18. Number of meeting of the Board of Directors
Six Meetings of the Board of Directors were held during the Financial
year 2014-15. These were held on the following dates:
i) 28th May, 2014
ii) 25th July, 2014
iii) 25th August, 2014
iv) 28th October, 2014
v) 30th January, 2015
vi) 18th March, 2015
One Extra Ordinary General Meeting was held on 19th May, 2014 for
private placement of equity shares to Strategic Investors not forming
part of the promoter group.
19. Audit Committee
Composition of the Audit committee is in accordance with the
requirements of section 177 of the Companies Act 2013 which is stated
below:
Nmae Designation
Tarun Kumar Newatia Chairman
Rajesh Kumar Sharma Member
Mulchand Gupta Member
Mahesh Sharma Member
20. Order of Court
The company is not subject to any legal proceedings and claims which
will have a material or adverse effect on the going concern status or
company's operations or financial conditions.

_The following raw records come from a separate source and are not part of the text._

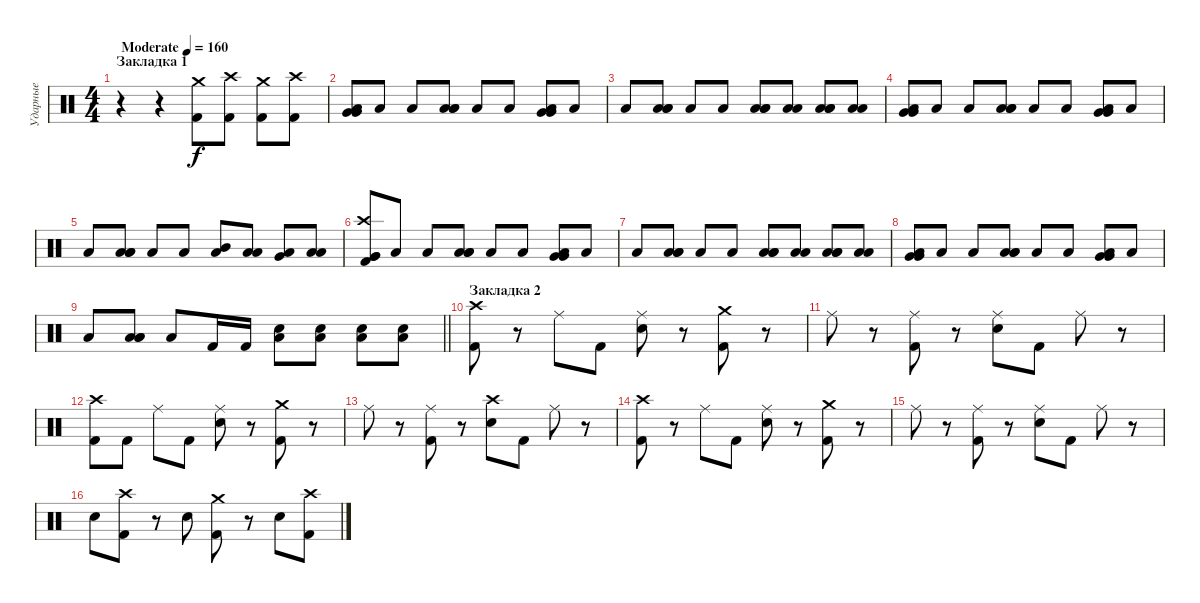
\track ("Ударные" "Ударные") {instrument percussion}
\staff {score}
\articulation defaults
\ts (4 4)
\section ("" "Закладка 1")
\tempo (160 "Moderate")
\clef neutral
\ks c
r.4{dy f} r.4 ("Crash medium (hit)" "Kick (hit) 2").8 ("Crash high (hit)" "Kick (hit) 2").8 ("Crash medium (hit)" "Kick (hit) 2").8 ("Crash high (hit)" "Kick (hit) 2").8 |
("Very Low Tom (hit)" "Very Low Tom (hit)" "Low Floor Tom (hit)").8 "Low Floor Tom (hit)".8 "Low Floor Tom (hit)".8 ("Low Tom (hit)" "Low Tom (hit)" "Low Floor Tom (hit)").8 "Low Floor Tom (hit)".8 "Low Floor Tom (hit)".8 ("Very Low Tom (hit)" "Very Low Tom (hit)" "Low Floor Tom (hit)").8 "Low Floor Tom (hit)".8 |
"Low Floor Tom (hit)".8 ("Low Tom (hit)" "Low Tom (hit)" "Low Floor Tom (hit)").8 "Low Floor Tom (hit)".8 "Low Floor Tom (hit)".8 ("Low Floor Tom (hit)" "Low Tom (hit)" "Low Floor Tom (hit)").8 ("Low Tom (hit)" "Low Floor Tom (hit)").8 ("Low Floor Tom (hit)" "Low Tom (hit)" "Low Floor Tom (hit)").8 ("Low Tom (hit)" "Low Floor Tom (hit)").8 |
("Very Low Tom (hit)" "Very Low Tom (hit)" "Low Floor Tom (hit)").8 "Low Floor Tom (hit)".8 "Low Floor Tom (hit)".8 ("Low Tom (hit)" "Low Tom (hit)" "Low Floor Tom (hit)").8 "Low Floor Tom (hit)".8 "Low Floor Tom (hit)".8 ("Very Low Tom (hit)" "Very Low Tom (hit)" "Low Floor Tom (hit)").8 "Low Floor Tom (hit)".8 |
"Low Floor Tom (hit)".8 ("Low Tom (hit)" "Low Tom (hit)" "Low Floor Tom (hit)").8 "Low Floor Tom (hit)".8 "Low Floor Tom (hit)".8 ("Mid Tom (hit)" "Low Floor Tom (hit)").8 ("Low Tom (hit)" "Low Floor Tom (hit)").8 ("Very Low Tom (hit)" "Low Floor Tom (hit)").8 ("Low Floor Tom (hit)" "Low Floor Tom (hit)").8 |
("Crash high (hit)" "Very Low Tom (hit)" "Very Low Tom (hit)" "Kick (hit) 2").8 "Low Floor Tom (hit)".8 "Low Floor Tom (hit)".8 ("Low Tom (hit)" "Low Tom (hit)" "Low Floor Tom (hit)").8 "Low Floor Tom (hit)".8 "Low Floor Tom (hit)".8 ("Very Low Tom (hit)" "Very Low Tom (hit)" "Low Floor Tom (hit)").8 "Low Floor Tom (hit)".8 |
"Low Floor Tom (hit)".8 ("Low Tom (hit)" "Low Tom (hit)" "Low Floor Tom (hit)").8 "Low Floor Tom (hit)".8 "Low Floor Tom (hit)".8 ("Low Floor Tom (hit)" "Low Tom (hit)" "Low Floor Tom (hit)").8 ("Low Tom (hit)" "Low Floor Tom (hit)").8 ("Low Floor Tom (hit)" "Low Tom (hit)" "Low Floor Tom (hit)").8 ("Low Tom (hit)" "Low Floor Tom (hit)").8 |
("Very Low Tom (hit)" "Very Low Tom (hit)" "Low Floor Tom (hit)").8 "Low Floor Tom (hit)".8 "Low Floor Tom (hit)".8 ("Low Tom (hit)" "Low Tom (hit)" "Low Floor Tom (hit)").8 "Low Floor Tom (hit)".8 "Low Floor Tom (hit)".8 ("Very Low Tom (hit)" "Very Low Tom (hit)" "Low Floor Tom (hit)").8 "Low Floor Tom (hit)".8 |
\barLineRight lightlight "Low Floor Tom (hit)".8
("Low Tom (hit)" "Low Tom (hit)" "Low Floor Tom (hit)").8 "Low Floor Tom (hit)".8 "Kick (hit) 2".16 "Kick (hit) 2".16 ("Snare (hit) 2" "Low Floor Tom (hit)").8 ("Snare (hit) 2" "Low Floor Tom (hit)").8 ("Snare (hit) 2" "Low Floor Tom (hit)").8 ("Snare (hit) 2" "Low Floor Tom (hit)").8 |
\section ("" "Закладка 2")
("Crash high (hit)" "Kick (hit) 2").8 r.8 "Ride (middle)".8 "Kick (hit) 2".8 ("Ride (middle)" "Snare (hit) 2").8 r.8 ("Crash medium (hit)" "Kick (hit) 2").8 r.8 |
"Ride (middle)".8 r.8 ("Ride (middle)" "Kick (hit) 2").8 r.8 ("Ride (middle)" "Snare (hit) 2").8 "Kick (hit) 2".8 "Ride (middle)".8 r.8 |
("Crash high (hit)" "Kick (hit) 2").8 "Kick (hit) 2".8 "Ride (middle)".8 "Kick (hit) 2".8 ("Ride (middle)" "Snare (hit) 2").8 r.8 ("Crash medium (hit)" "Kick (hit) 2").8 r.8 |
"Ride (middle)".8 r.8 ("Ride (middle)" "Kick (hit) 2").8 r.8 ("Crash high (hit)" "Snare (hit) 2").8 "Kick (hit) 2".8 "Ride (middle)".8 r.8 |
("Crash high (hit)" "Kick (hit) 2").8 r.8 "Ride (middle)".8 "Kick (hit) 2".8 ("Ride (middle)" "Snare (hit) 2").8 r.8 ("Crash medium (hit)" "Kick (hit) 2").8 r.8 |
"Ride (middle)".8 r.8 ("Ride (middle)" "Kick (hit) 2").8 r.8 ("Ride (middle)" "Snare (hit) 2").8 "Kick (hit) 2".8 "Ride (middle)".8 r.8 |
"Snare (hit) 2".8 ("Crash high (hit)" "Kick (hit) 2").8 r.8 "Snare (hit) 2".8 ("Crash medium (hit)" "Kick (hit) 2").8 r.8 "Snare (hit) 2".8 ("Crash high (hit)" "Kick (hit) 2").8
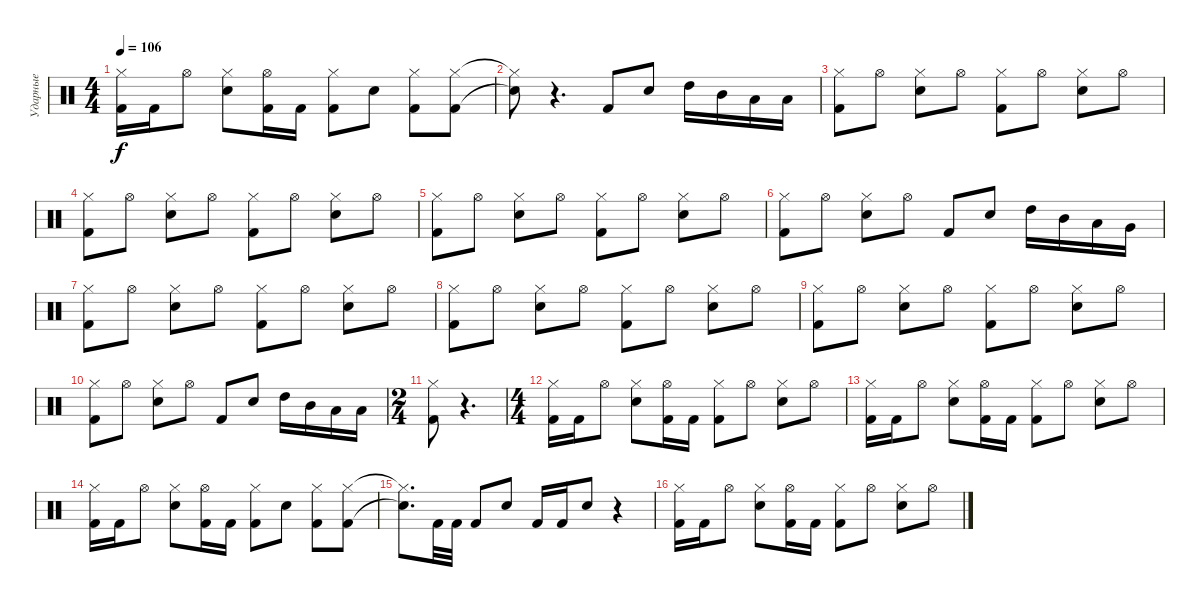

21.Sexual Harassment Of Women At Work Place
The Company has in place a policy in line with the requirements of The
Sexual Harassment of Women at Workplace (Prevention, Prohibition &
Redressal) Act, 2013. Internal Complaints Committee (ICC) has been set
up to redress complaints received regarding sexual harassment. All
employees (permanent, contractual, temporary, trainees) are covered
under this Policy. There were nil complaints received during the year
under review.
22. Details of establishment of vigil mechanism for directors and
employees
Pursuant to sub-section (9) & (10) of section 177 of the Companies Act,
2013, read with rule 7 of the Companies (Meetings of Board and its
Powers) Rules, 2014, the Company has established a Whistle Blower
Policy (Vigil mechanism) for Directors and Employees of the Company to
report their genuine concerns or grievances. The policy was approved by
the Board of Directors of the Company at its meeting held on 25th
August 2014 and the Audit Committee was empowered by the Board of
Directors to monitor the same and to report to the Board about the
complaints in an unbiased manner.
23. Nomination and Remuneration Committee
Composition of the Nomination & Remuneration Committee is in accordance
with the requirements of section 178(1) of the Companies Act 2013. The
composition is as under:
Name Designation
Tarun Kumar Newatia Chairman
Rajesh Kumar Sharma Member
Mulchand Gupta Member
Mahesh Sharma Member
24. Particulars of Loans. Guarantees or Investments
Loans, guarantees or investments covered under section 186 of the
Companies Act, 2013 form part of the notes to the financial statements
provided in this Annual Report
25. Particulars Of Contracts Or Arrangements With Related Parties:
Your company has no material individual transactions with its related
parties which are covered under section 188 of the Companies Act, 2013,
which are not in the ordinary course of business and not undertaken on
an arm's length basis during the financial year 2014-15.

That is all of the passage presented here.